In a surprise weekend visit, former King Constantine arrived in Athens with his family on Saturday on a flight from Italy, thus avoiding potentially embarrassing passport controls at Athens’s Eleftherios Venizelos airport.

Constantine, accompanied by his Danish wife Anna-Maria, and their children, Nicholas, Paul and Alexia, visited the graves of his parents in the Tatoi former royal estate for a memorial service, passed by his old school and made a lightning tour of Athens in a coach before flying for Spain at 2 p.m. yesterday.

The former king’s 26-hour sojourn in Greece — the third since he fled the country in December 1967 after an unsuccessful bid to overthrow the eight-month old military dictatorship — caused a media frenzy but was played down by the government.

“We should pay no attention,” said Culture Minister Evangelos Venizelos, the architect of a 1994 law that allowed the seizure of the 62-year-old former monarch’s Greek estates. Constantine successfully fought back in the European Court of Human Rights, which in November awarded him 12 million euros in compensation.
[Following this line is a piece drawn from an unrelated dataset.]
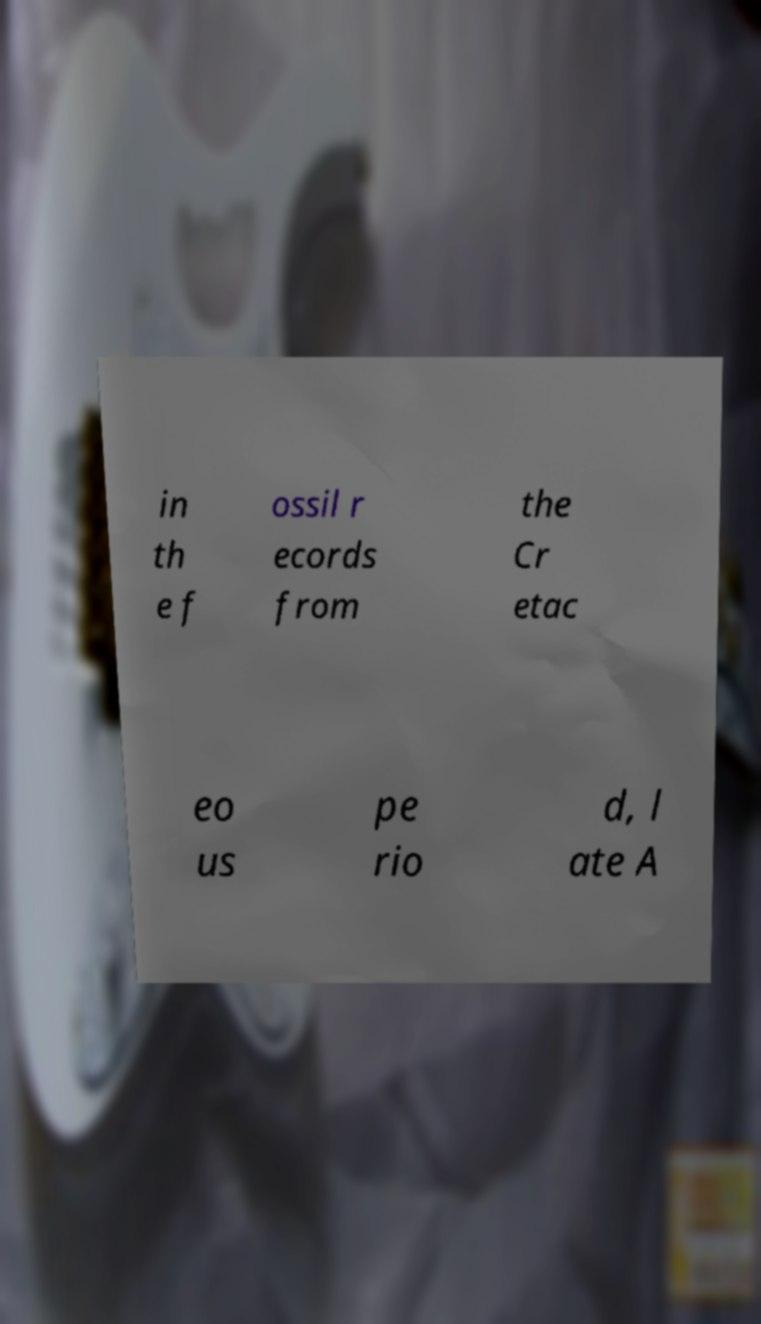I need the written content from this picture converted into text. Can you do that? in th e f ossil r ecords from the Cr etac eo us pe rio d, l ate A 
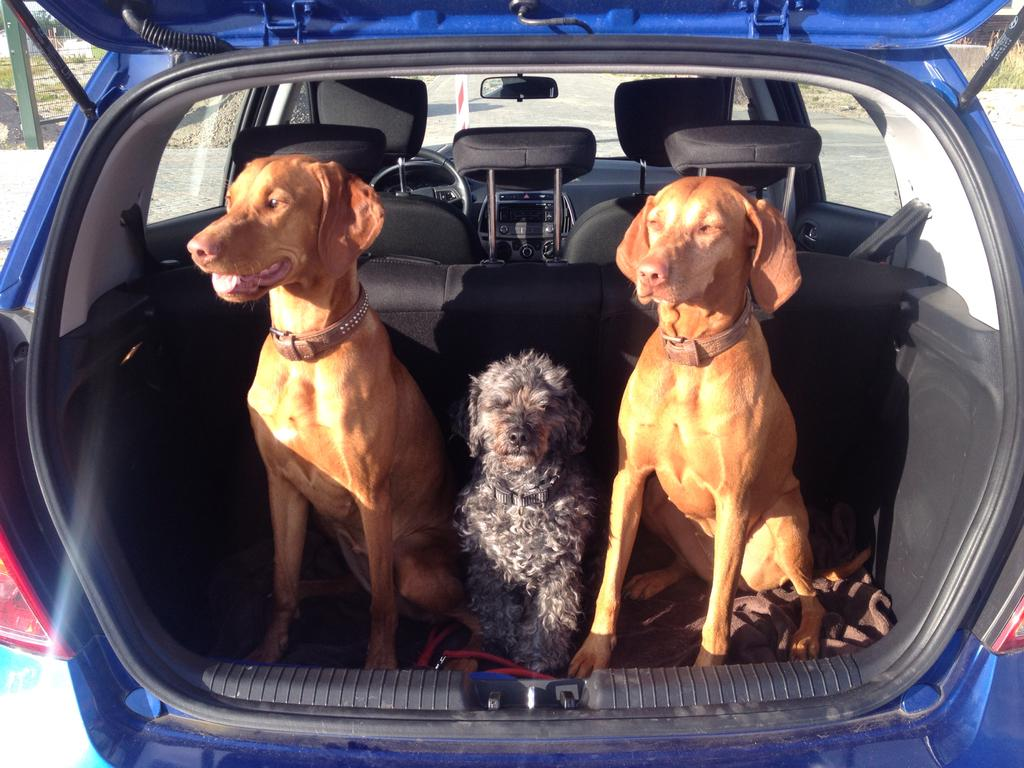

Constantine arrived just after noon on an Alitalia flight from Milan, on which he was booked as Constantine De Grecia. As Italy and Greece have both signed the Schengen treaty on abolishing border passport controls, this spared him the embarrassment of having his identity checked at Athens Airport. The government refuses to issue the former monarch a Greek passport, insisting that he must first adopt a surname and abandon any claim to the throne. The monarchy was abolished following a 1974 referendum.

“There is no issue,” government spokesman Christos Protopappas said. “The former king is one of the millions of European visitors who came or will come to Greece in 2003.”

After Saturday’s service at King Paul and Queen Frederiki’s graves — where he was greeted by well-wishers — yesterday Constantine visited the Anavryta College grounds where he attended school.